● **Data to process**:
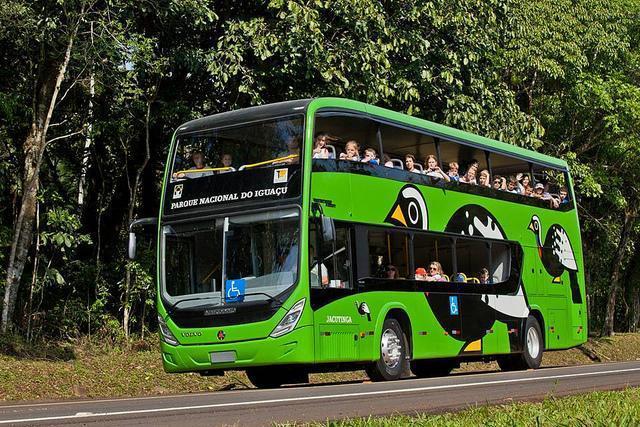How many decks does this bus have?
Give a very brief answer. 2. How many buses are in the photo?
Give a very brief answer. 1. How many birds can be seen?
Give a very brief answer. 2. How many dogs are looking at the camers?
Give a very brief answer. 0. 
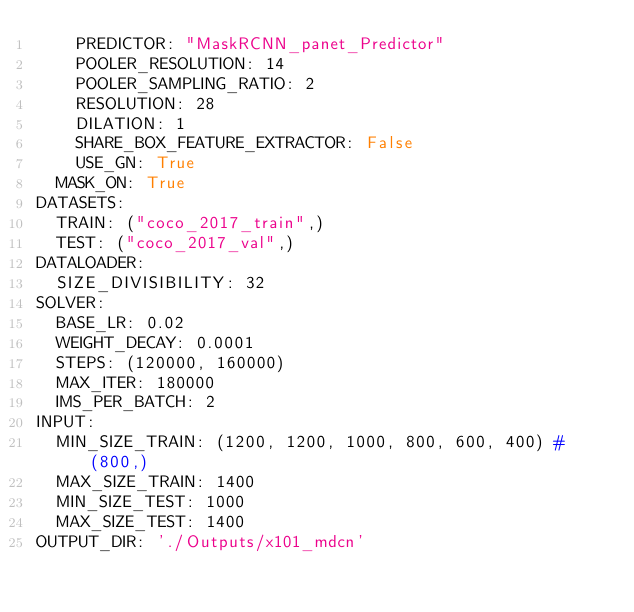Convert code to text. <code><loc_0><loc_0><loc_500><loc_500><_YAML_>    PREDICTOR: "MaskRCNN_panet_Predictor"
    POOLER_RESOLUTION: 14
    POOLER_SAMPLING_RATIO: 2
    RESOLUTION: 28
    DILATION: 1
    SHARE_BOX_FEATURE_EXTRACTOR: False
    USE_GN: True
  MASK_ON: True
DATASETS:
  TRAIN: ("coco_2017_train",)
  TEST: ("coco_2017_val",)
DATALOADER:
  SIZE_DIVISIBILITY: 32
SOLVER:
  BASE_LR: 0.02
  WEIGHT_DECAY: 0.0001
  STEPS: (120000, 160000)
  MAX_ITER: 180000
  IMS_PER_BATCH: 2
INPUT:
  MIN_SIZE_TRAIN: (1200, 1200, 1000, 800, 600, 400) # (800,)
  MAX_SIZE_TRAIN: 1400
  MIN_SIZE_TEST: 1000
  MAX_SIZE_TEST: 1400
OUTPUT_DIR: './Outputs/x101_mdcn'
</code>

● **Task instructions**:
Report the number of lines in the listing where the string "answer" appears, and nothing besides.

● **Solution to the exercise**:
4